Records drawn from a dataset:
________________
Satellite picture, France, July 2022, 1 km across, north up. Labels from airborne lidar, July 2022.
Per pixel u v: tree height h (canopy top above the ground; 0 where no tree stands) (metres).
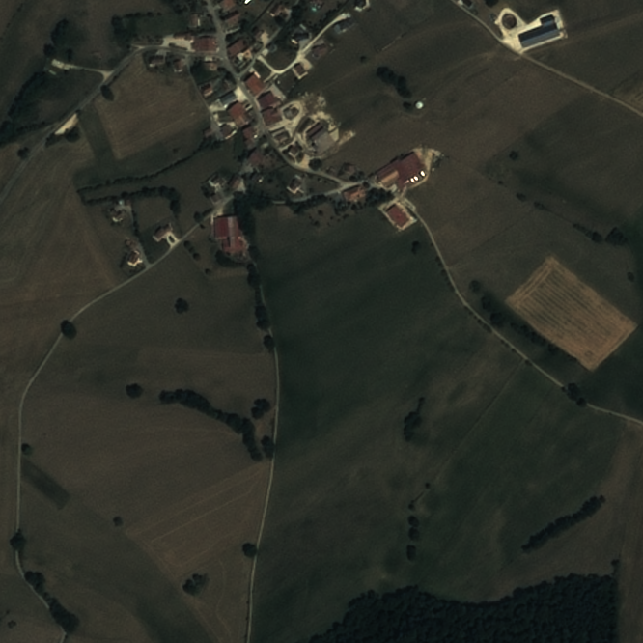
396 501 0
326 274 0
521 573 0
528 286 0
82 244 0
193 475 0
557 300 0
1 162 0
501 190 0
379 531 0
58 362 0
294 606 0
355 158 0
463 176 0
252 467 0
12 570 0
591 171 0
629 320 0
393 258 0
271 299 0
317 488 0
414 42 0
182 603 0
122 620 0
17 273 0
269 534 0
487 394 0
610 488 0
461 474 0
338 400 0
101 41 0
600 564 0
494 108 0
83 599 0
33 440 0
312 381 0
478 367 0
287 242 0
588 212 0
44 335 0
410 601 19
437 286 0
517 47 0
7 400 0
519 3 0
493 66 0
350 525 0
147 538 0
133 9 0
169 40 0
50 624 0
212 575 0
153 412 0
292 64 0
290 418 0
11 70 0
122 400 0
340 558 0
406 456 0
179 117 0
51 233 0
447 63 0
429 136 0
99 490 0
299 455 0
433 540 0
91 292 0
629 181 0
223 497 0
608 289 0
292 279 0
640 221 0
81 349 0
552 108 0
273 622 0
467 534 0
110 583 0
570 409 0
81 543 0
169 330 0
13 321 0
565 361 0
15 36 0
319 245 0
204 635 0
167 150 0
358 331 0
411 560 12
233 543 0
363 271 0
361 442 0
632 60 0
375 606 21
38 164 0
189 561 0
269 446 16
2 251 0
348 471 0
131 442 0
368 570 0
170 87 0
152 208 0
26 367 0
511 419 0
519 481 0
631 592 0
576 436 0
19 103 17
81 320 0
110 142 0
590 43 0
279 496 0
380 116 0
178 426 0
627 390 0
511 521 0
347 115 0
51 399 0
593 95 0
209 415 12
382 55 0
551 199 0
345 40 0
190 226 0
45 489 0
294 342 0
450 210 0
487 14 0
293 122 0
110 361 0
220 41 0
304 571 0
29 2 0
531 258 0
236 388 0
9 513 0
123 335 0
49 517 0
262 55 0
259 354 0
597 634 26
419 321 0
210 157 0
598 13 0
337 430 0
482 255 0
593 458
________________
TASK DESCRIPTION:
From the records given above, reproduce all text exactly and exclude each picture.

COMPLETED EXERCISE:
Satellite picture, France, July 2022, 1 km across, north up. Labels from airborne lidar, July 2022.
Per pixel u v: tree height h (canopy top above the ground; 0 where no tree stands) (metres).
396 501 0
326 274 0
521 573 0
528 286 0
82 244 0
193 475 0
557 300 0
1 162 0
501 190 0
379 531 0
58 362 0
294 606 0
355 158 0
463 176 0
252 467 0
12 570 0
591 171 0
629 320 0
393 258 0
271 299 0
317 488 0
414 42 0
182 603 0
122 620 0
17 273 0
269 534 0
487 394 0
610 488 0
461 474 0
338 400 0
101 41 0
600 564 0
494 108 0
83 599 0
33 440 0
312 381 0
478 367 0
287 242 0
588 212 0
44 335 0
410 601 19
437 286 0
517 47 0
7 400 0
519 3 0
493 66 0
350 525 0
147 538 0
133 9 0
169 40 0
50 624 0
212 575 0
153 412 0
292 64 0
290 418 0
11 70 0
122 400 0
340 558 0
406 456 0
179 117 0
51 233 0
447 63 0
429 136 0
99 490 0
299 455 0
433 540 0
91 292 0
629 181 0
223 497 0
608 289 0
292 279 0
640 221 0
81 349 0
552 108 0
273 622 0
467 534 0
110 583 0
570 409 0
81 543 0
169 330 0
13 321 0
565 361 0
15 36 0
319 245 0
204 635 0
167 150 0
358 331 0
411 560 12
233 543 0
363 271 0
361 442 0
632 60 0
375 606 21
38 164 0
189 561 0
269 446 16
2 251 0
348 471 0
131 442 0
368 570 0
170 87 0
152 208 0
26 367 0
511 419 0
519 481 0
631 592 0
576 436 0
19 103 17
81 320 0
110 142 0
590 43 0
279 496 0
380 116 0
178 426 0
627 390 0
511 521 0
347 115 0
51 399 0
593 95 0
209 415 12
382 55 0
551 199 0
345 40 0
190 226 0
45 489 0
294 342 0
450 210 0
487 14 0
293 122 0
110 361 0
220 41 0
304 571 0
29 2 0
531 258 0
236 388 0
9 513 0
123 335 0
49 517 0
262 55 0
259 354 0
597 634 26
419 321 0
210 157 0
598 13 0
337 430 0
482 255 0
593 458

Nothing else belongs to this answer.